• _Work order_: Find the line with "You are a GUI" in the data below. Repeat it and every line after it up to the end, exactly, but drop the pictures.

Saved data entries
Content starts

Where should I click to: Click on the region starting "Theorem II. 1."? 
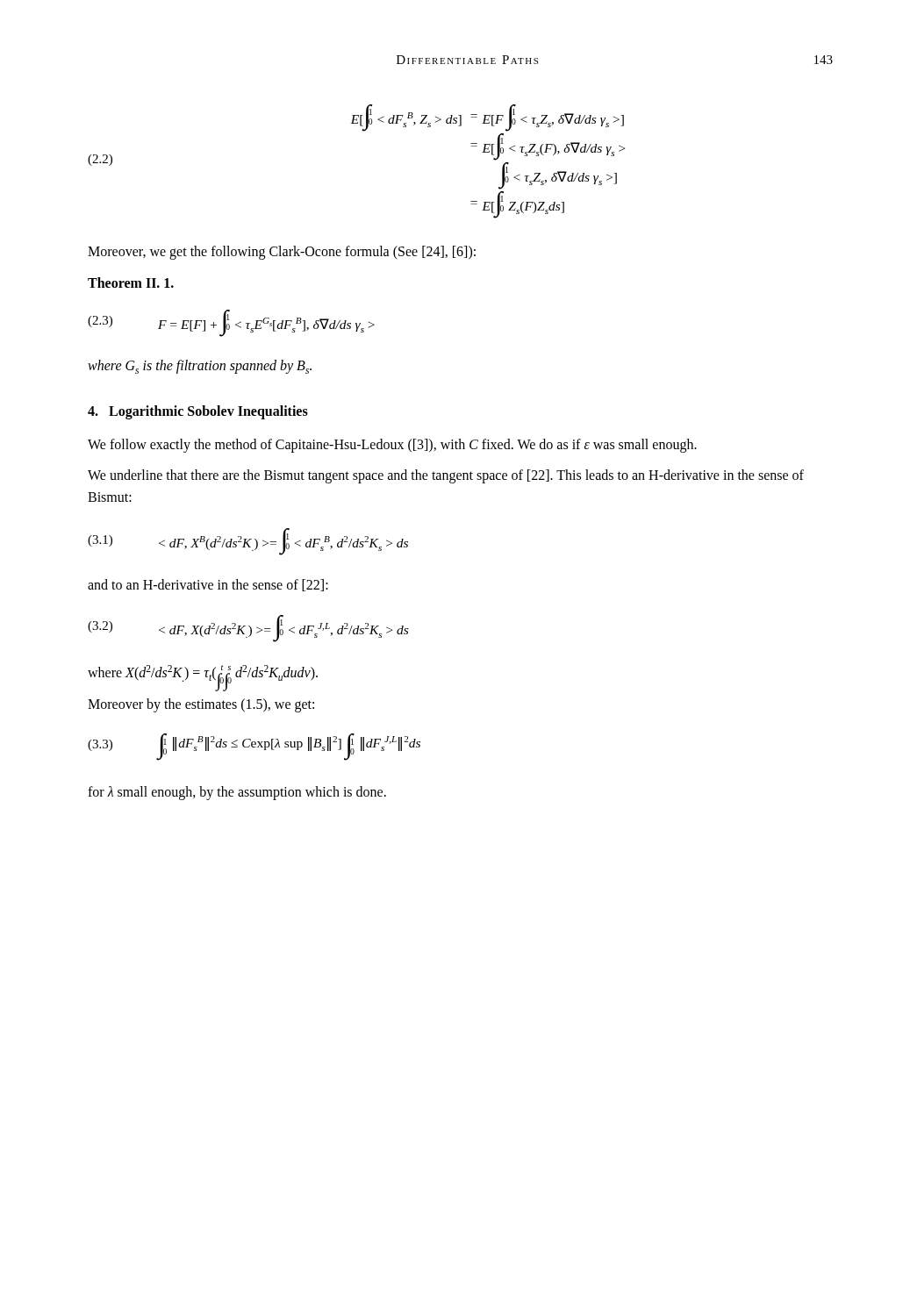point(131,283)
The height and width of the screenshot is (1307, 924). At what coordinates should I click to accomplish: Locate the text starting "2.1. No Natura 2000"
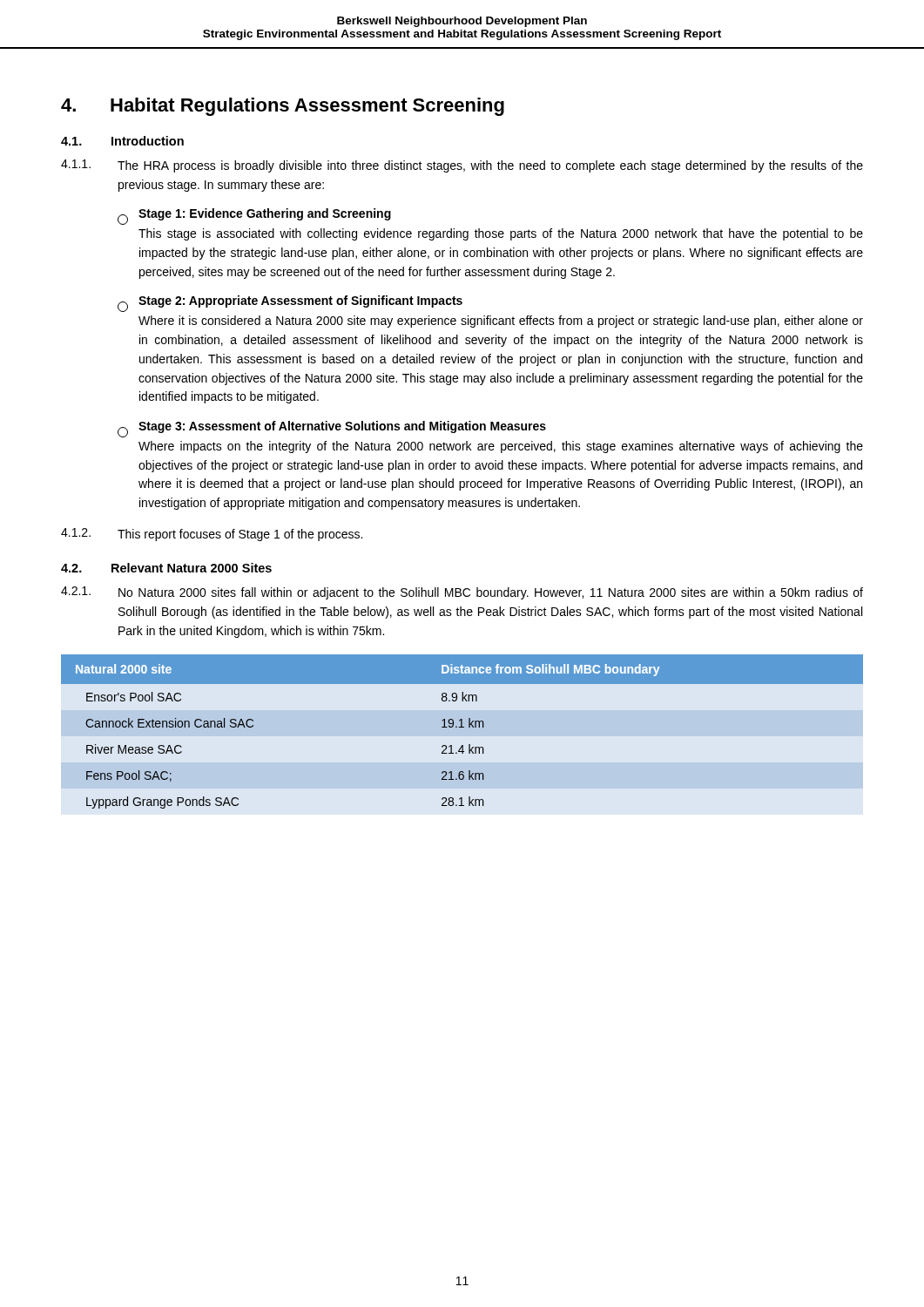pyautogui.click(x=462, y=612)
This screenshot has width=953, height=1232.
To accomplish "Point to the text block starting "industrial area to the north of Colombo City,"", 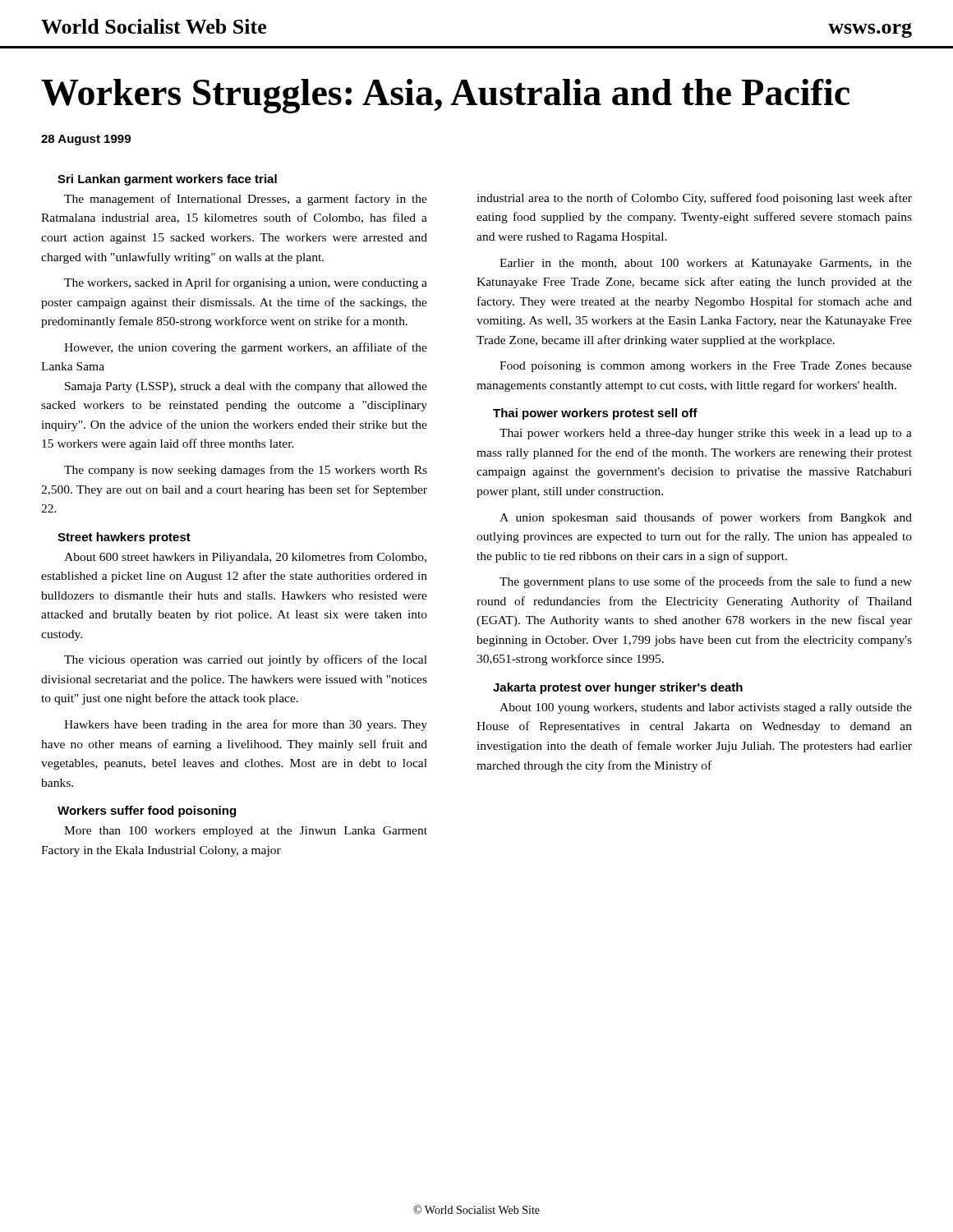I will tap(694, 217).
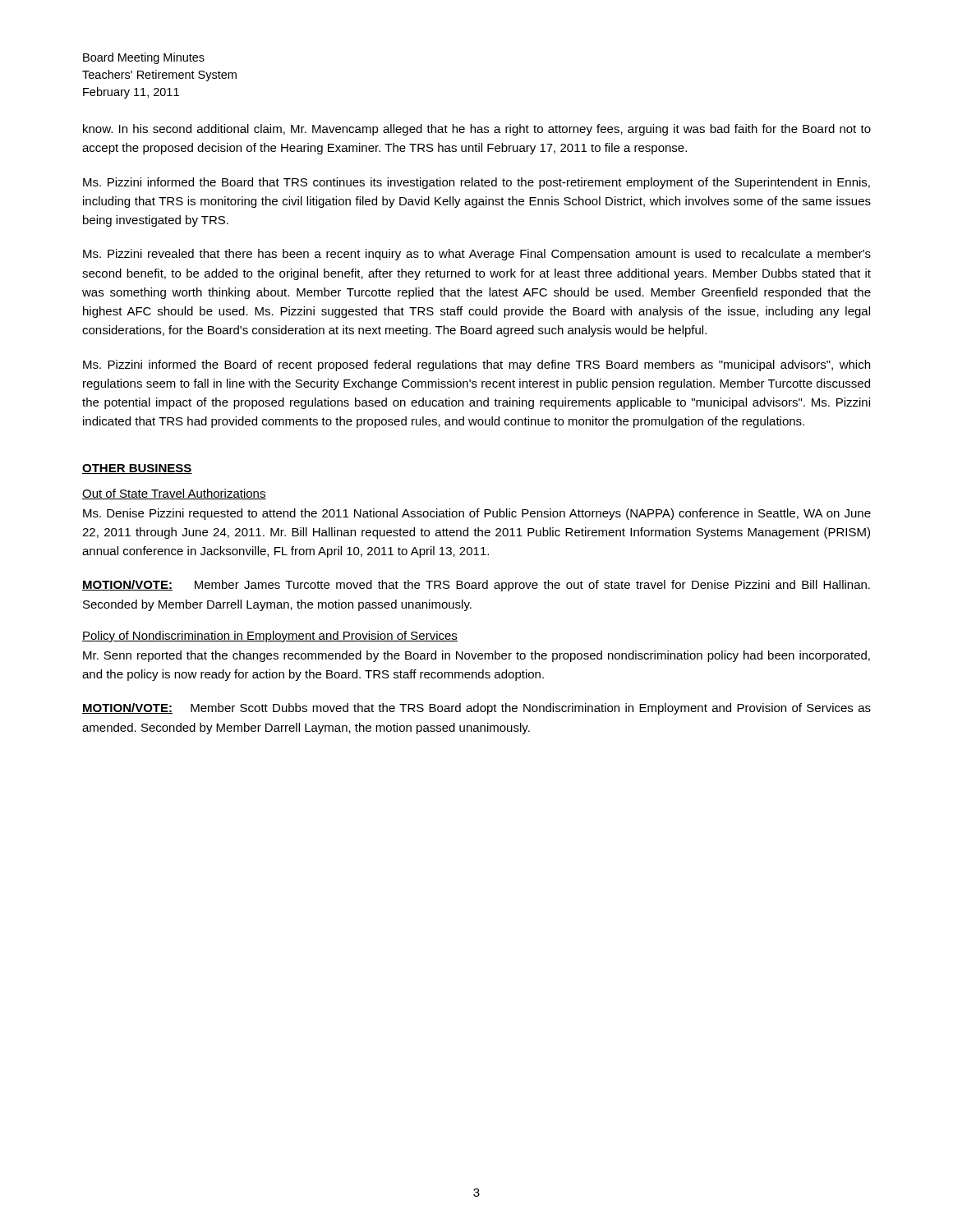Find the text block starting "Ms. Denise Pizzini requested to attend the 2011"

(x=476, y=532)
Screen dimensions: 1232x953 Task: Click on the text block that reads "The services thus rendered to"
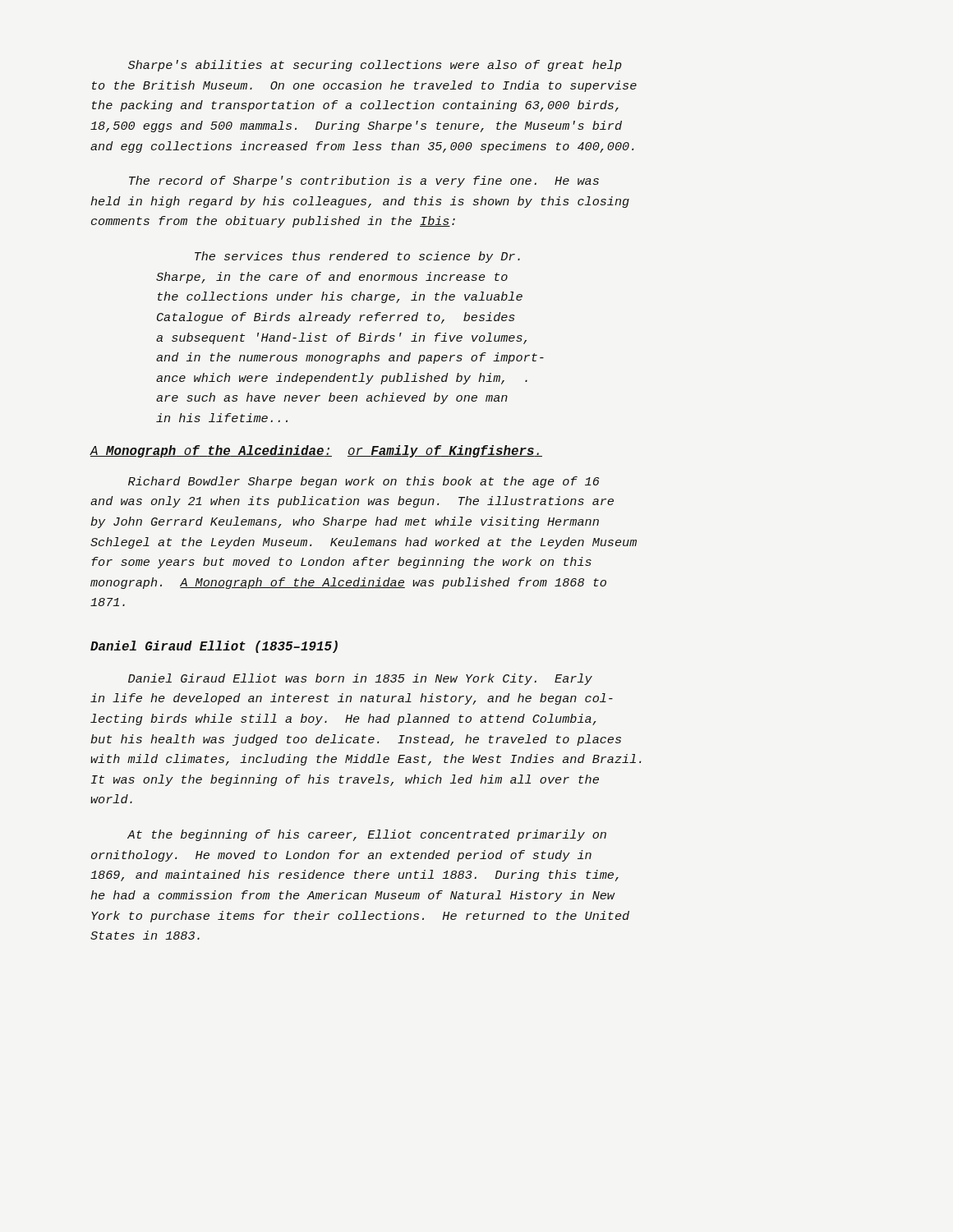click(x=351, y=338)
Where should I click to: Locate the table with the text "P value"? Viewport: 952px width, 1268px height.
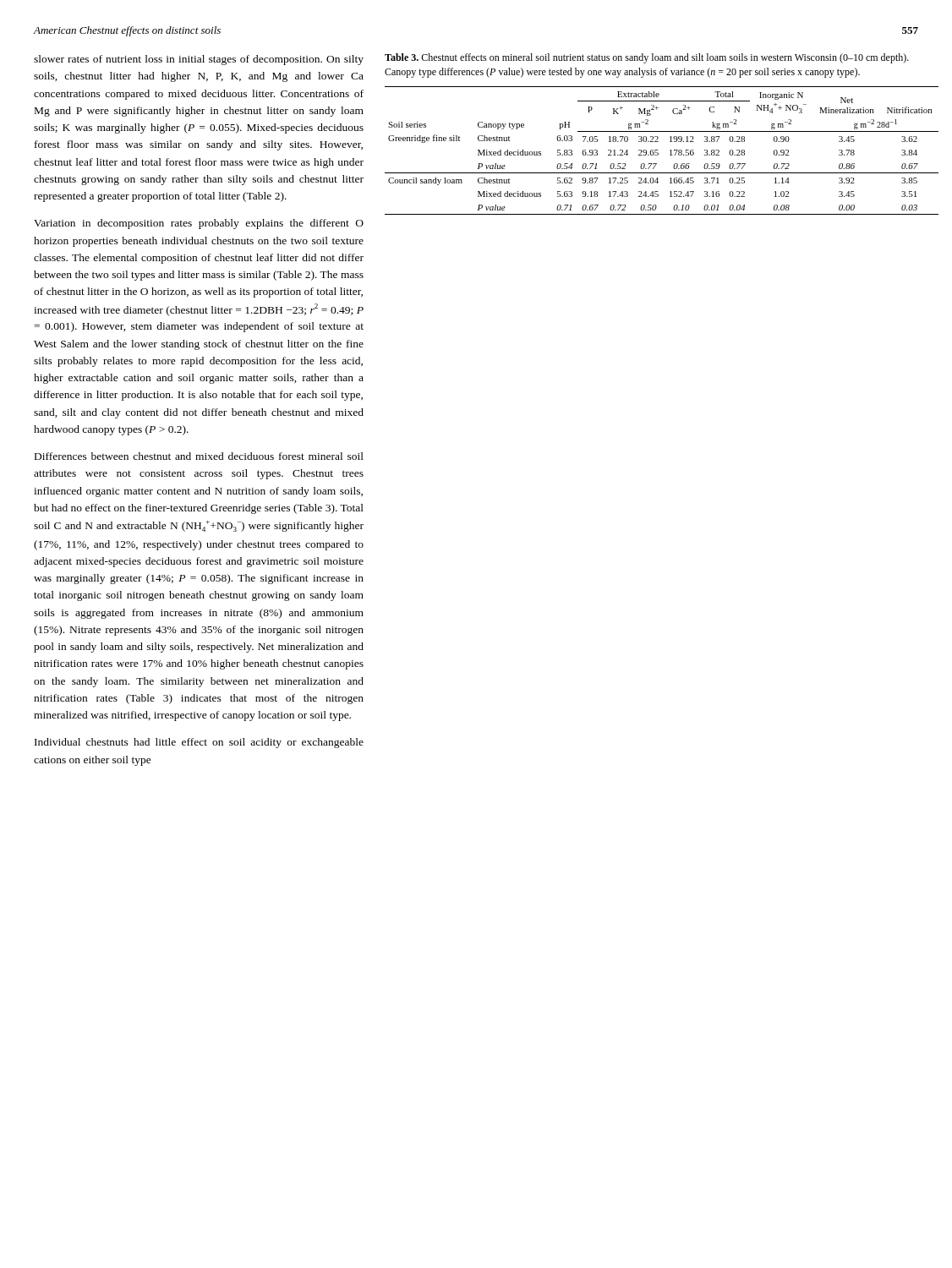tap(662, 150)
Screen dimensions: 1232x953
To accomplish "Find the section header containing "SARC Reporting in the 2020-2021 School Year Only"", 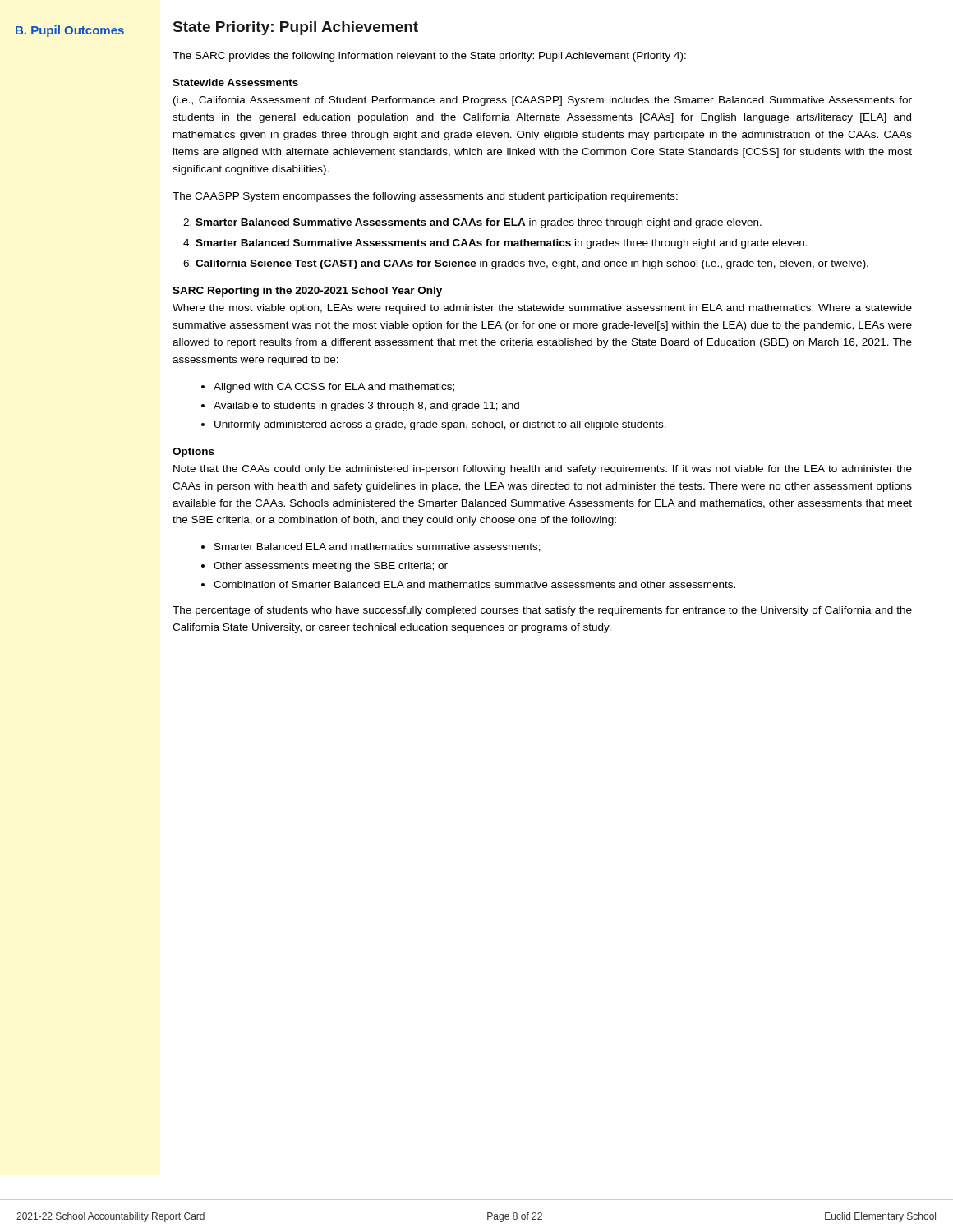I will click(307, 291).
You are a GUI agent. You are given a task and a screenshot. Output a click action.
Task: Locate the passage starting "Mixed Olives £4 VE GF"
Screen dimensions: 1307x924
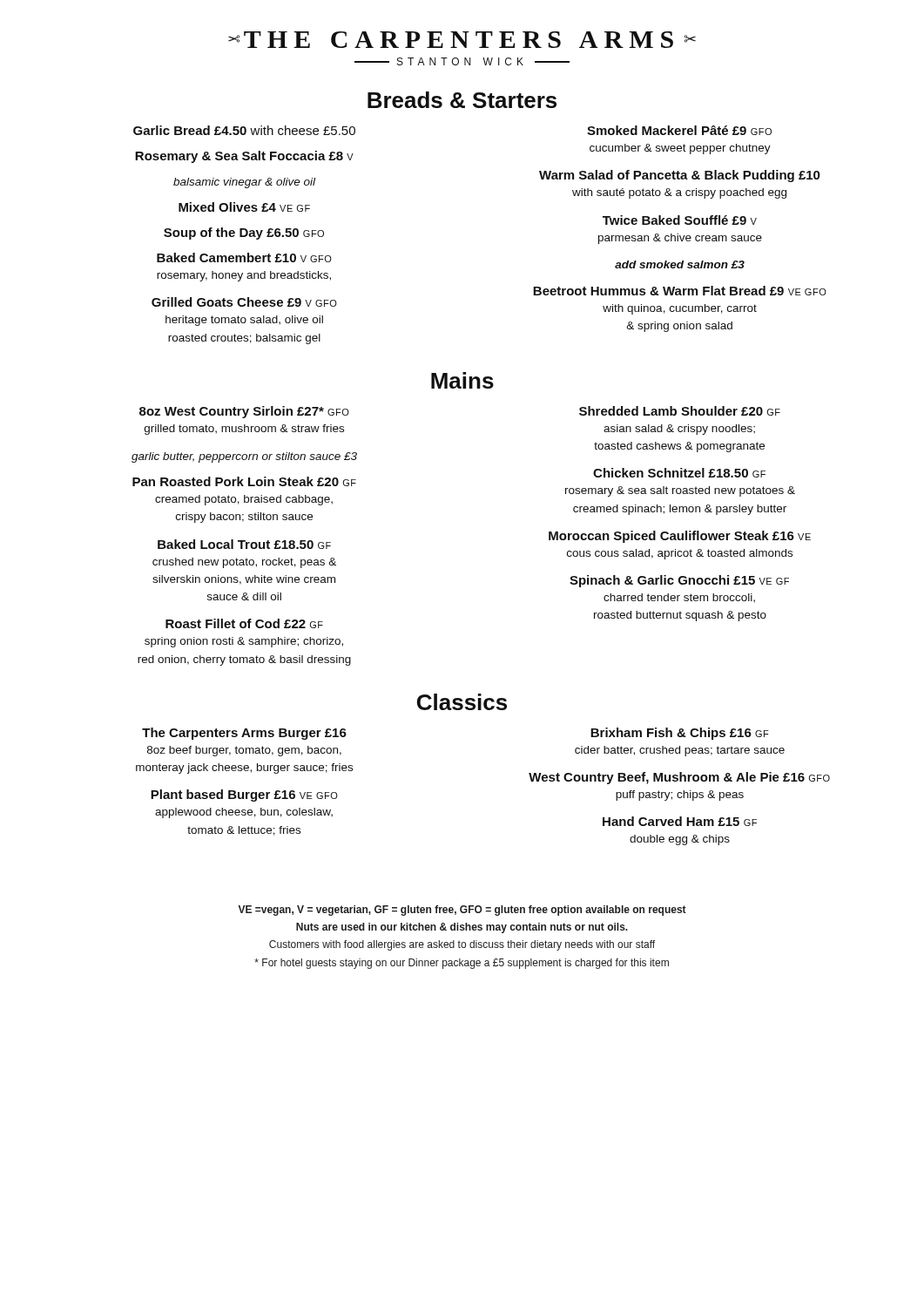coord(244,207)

Content ends

• _Your solution_:
You are a GUI agent. You are given a task and a screenshot. Output a click action.
Task: Locate the passage starting "Mixed Olives £4 VE GF"
Screen dimensions: 1307x924
coord(244,207)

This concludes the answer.